17.3 Afwijken van de bouwregels

Het bevoegd gezag kan bij een omgevingsvergunning afwijken van lid 17.2 onder c, indien de bij de betrokken bestemming behorende bouwregels in acht worden genomen, het waterkeringsbelang door de bouwactiviteiten niet onevenredig wordt geschaad en alvorens vergunning te verlenen advies ingewonnen is bij de betreffende beheerder, het waterschap.

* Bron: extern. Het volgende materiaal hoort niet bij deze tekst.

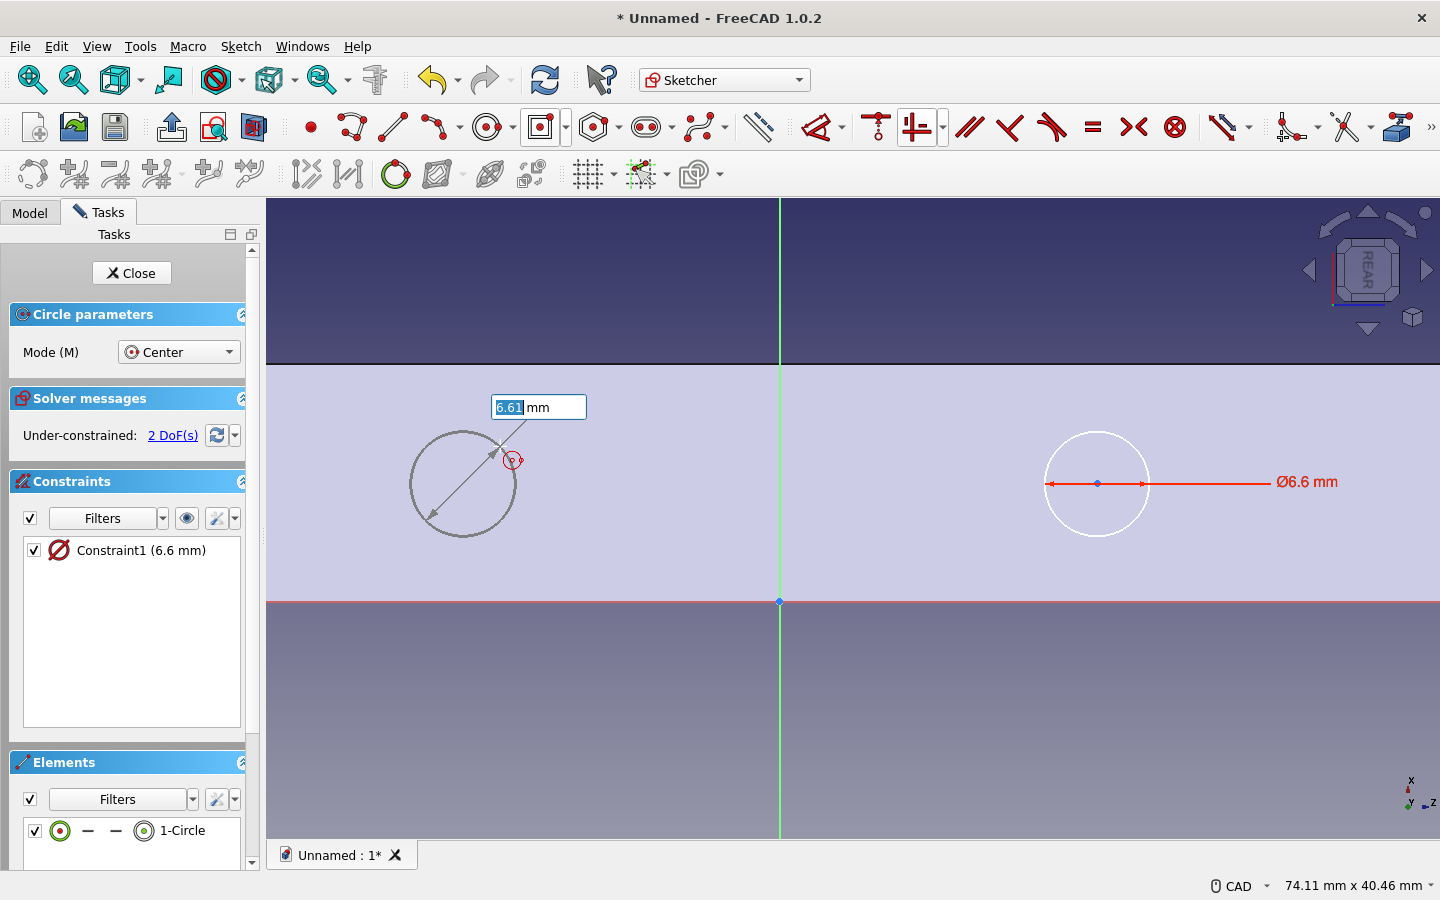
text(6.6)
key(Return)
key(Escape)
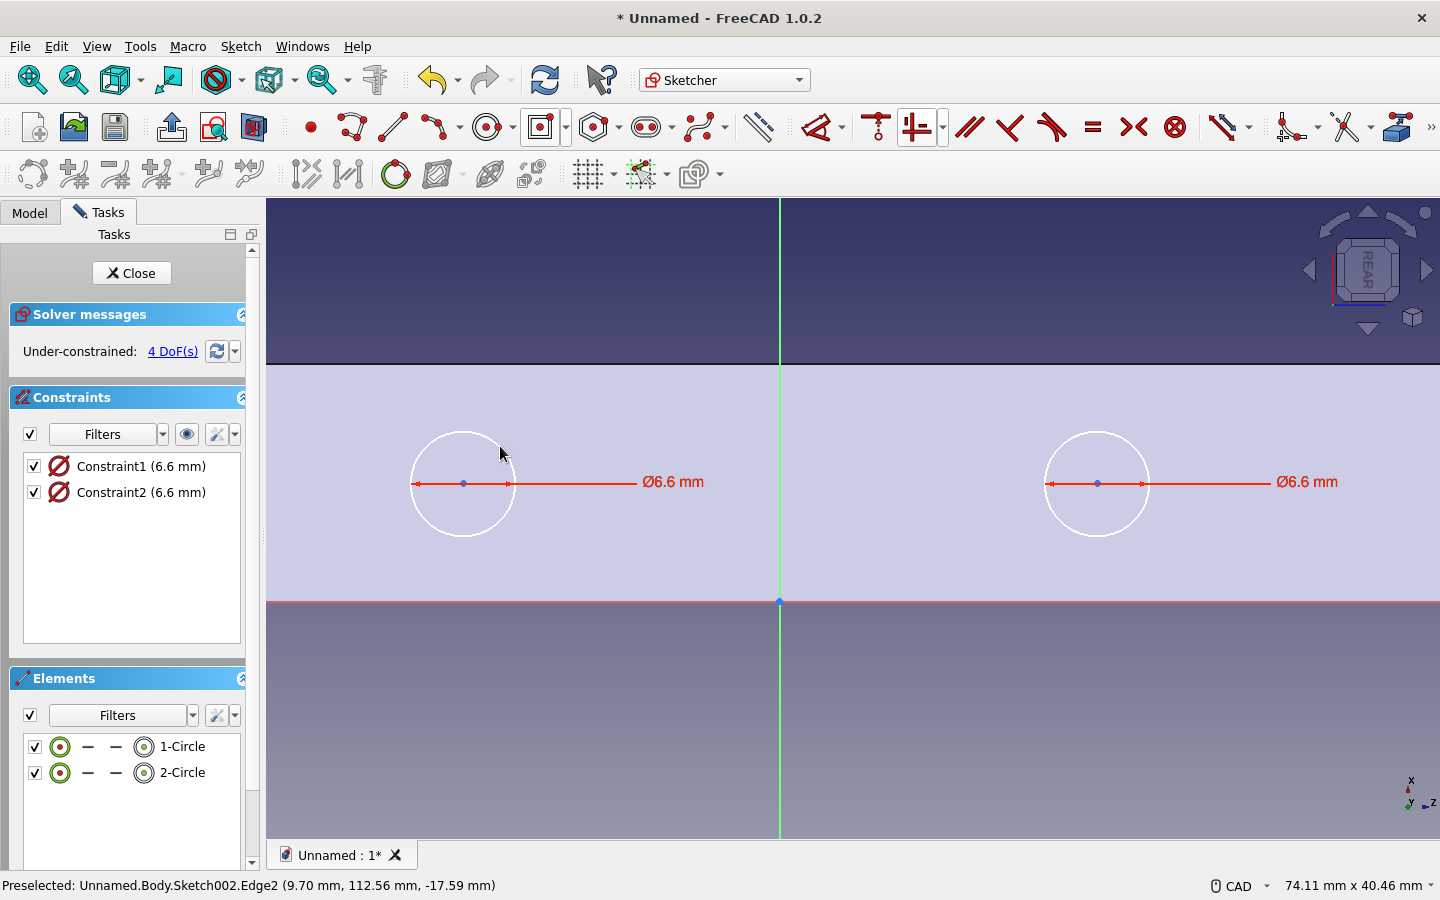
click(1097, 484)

Artikel 18 Waterstaat - Waterstaatkundige Functie

18.1 Bestemmingsomschrijving

De voor 'Waterstaat - Waterstaatkundige functie' aangewezen gronden zijn, behalve voor de aldaar voorkomende bestemming, mede bestemd voor:

  1. a. water, waterhuishoudkundige- en waterstaatsdoeleinden, en het beheer en onderhoud ervan;
  2. b. de afvoer en berging van water, sediment en ijs;
  3. c. de vergroting, de bescherming en het behoud van de beschikbare afvoer- en bergingscapaciteit;
  4. d. aanleg, onderhoud en verbetering van de hoofdwaterkering;
  5. e. bij deze bestemming behorende bouwwerken, geen gebouwen zijnde, zoals duikers, keerwanden en merktekens.

18.2 Bouwregels

  1. a. Op de in artikel 18.1 bedoelde gronden mogen, behalve overeenkomstig de andere bestemmingen, tevens worden gebouwd, bouwwerken, geen gebouwen zijnde, ten dienste van de bestemming, met dien verstande dat de bouwhoogte van bouwwerken ten behoeve van de scheepvaart ten hoogste 12 m bedraagt en de bouwhoogte van overige bouwwerken ten hoogste 4 m bedraagt;
  2. b. Het bouwen zoals bedoeld onder a alsmede het bouwen overeenkomstig de aldaar voorkomende bestemming is, voor zover voor dat bouwen een vergunning krachtens de Waterwet is vereist, uitsluitend toegestaan na inwerkingtreding van die vergunning.

18.3 Specifieke gebruiksregels

Het uitvoeren van werken, geen gebouwen zijnde, en werkzaamheden op de in lid 18.1 bedoelde gronden is, voor zover voor het uitvoeren van die werken, geen bouwwerk zijnde, en werkzaamheden een vergunning krachtens de Waterwet is vereist, uitsluitend toegestaan na inwerkingtreding van die vergunning.

Hoofdstuk 3 Algemene Regels

Artikel 19 Antidubbeltelregel

Grond die eenmaal in aanmerking is genomen bij het toestaan van een bouwplan waaraan uitvoering is gegeven of alsnog kan worden gegeven, blijft bij de beoordeling van latere bouwplannen buiten beschouwing.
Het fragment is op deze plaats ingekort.